1. Em sendo a reclamação instrumento processual destinado a preservar a competência deste Supremo Tribunal Federal, sua utilização só terá lugar quando houver correspondência perfeita entre a hipótese fática modelo do paradigma invocado e a hipótese subjacente à decisão reclamada, além de divergência na aplicação do direito. A este imperativo de correspondência a jurisprudência deste Supremo Tribunal Federal costuma se referir por “estrita aderência”. Precedentes: Rcl 23.934 AgR-ED/SP, Rel. Min. Rosa Weber, Primeira Turma, DJe 15/8/2019; Rcl 34.525 AgR/PR, Rel. Min. Alexandre de Moraes, Primeira Turma, DJe 5/8/2019; Rcl 34.056 AgR/SP, Rel. Min. Roberto Barroso, Primeira Turma, DJe 10/6/2019; Rcl 30.520 AgR/TO, Rel. Min. Luiz Fux, Primeira Turma, DJe 31/8/2019).

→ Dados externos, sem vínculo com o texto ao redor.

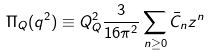<formula> <loc_0><loc_0><loc_500><loc_500>\Pi _ { Q } ( q ^ { 2 } ) \equiv Q _ { Q } ^ { 2 } \frac { 3 } { 1 6 \pi ^ { 2 } } \sum _ { n \geq 0 } \bar { C } _ { n } z ^ { n }</formula> 
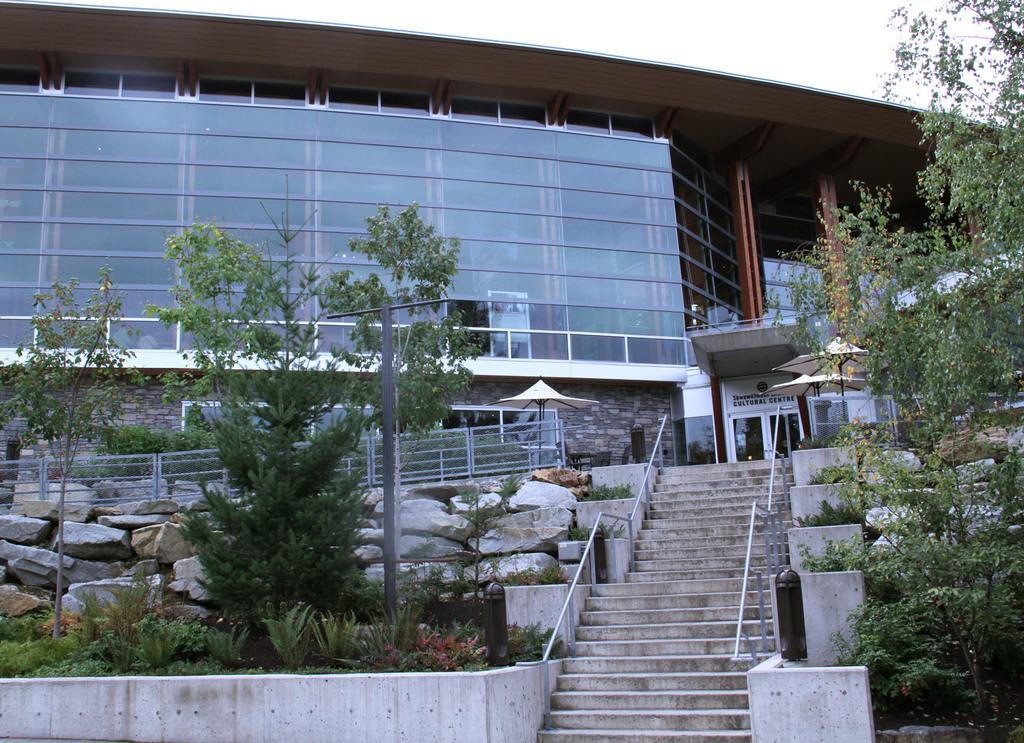What is the main structure in the center of the image? There is a building in the center of the image. Can you describe any specific features of the building? There is a door in the image, which is a feature of the building. What type of temporary shelters can be seen in the image? There are tents in the image. What type of barrier is present in the image? There is fencing in the image. Are there any architectural elements that allow for vertical movement? Yes, there are stairs in the image. What type of natural elements can be seen in the image? There are rocks and trees in the image. What is the tall, thin object in the image? There is a pole in the image. What is visible at the top of the image? The sky is visible at the top of the image. How many birds are perched on the feather in the image? There are no birds or feathers present in the image. What type of room is visible in the image? There is no room visible in the image; it features an outdoor scene with a building, tents, fencing, stairs, rocks, trees, and a pole. 
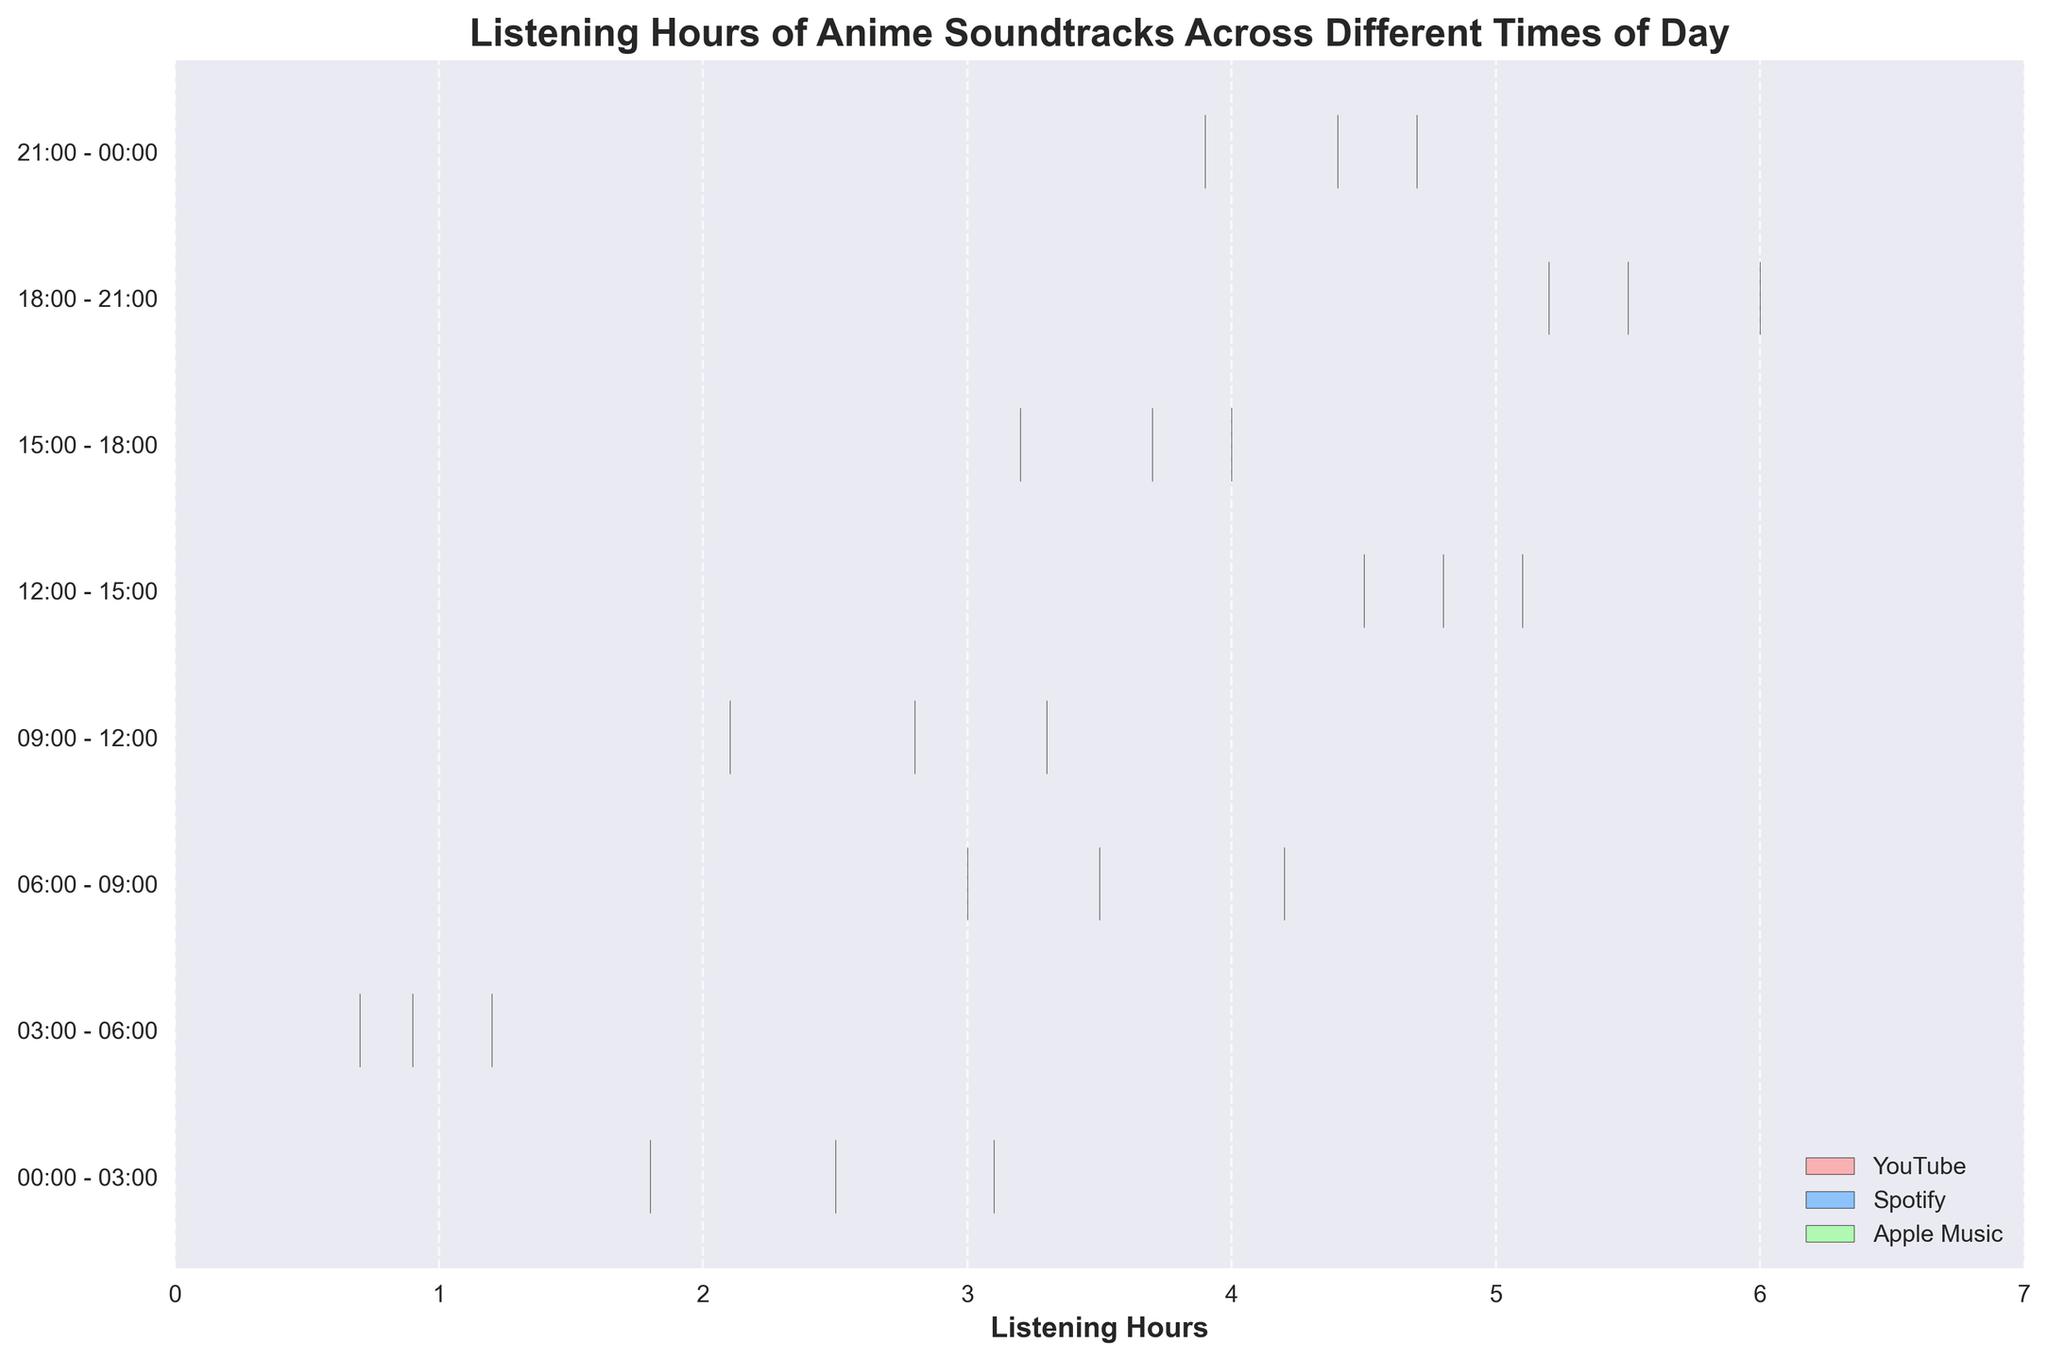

2. Nos precedentes em que o Supremo Tribunal Federal considerou lícita a terceirização, a discussão havida tem como substrato a responsabilização da empresa tomadora dos serviços por meio de empresa interposta, não sendo objeto das discussões eventual responsabilidade que a empresa empregadora direta possa vir a ter.
3. In casu, a empresa reclamante é a empresa empregadora, de modo que a discussão acerca da licitude da terceirização não tem o condão de lhe alterar a situação jurídica advinda do acórdão impugnado, o que a um só tempo elide o requisito da estrita aderência e aclara a carência de interesse de agir da reclamante.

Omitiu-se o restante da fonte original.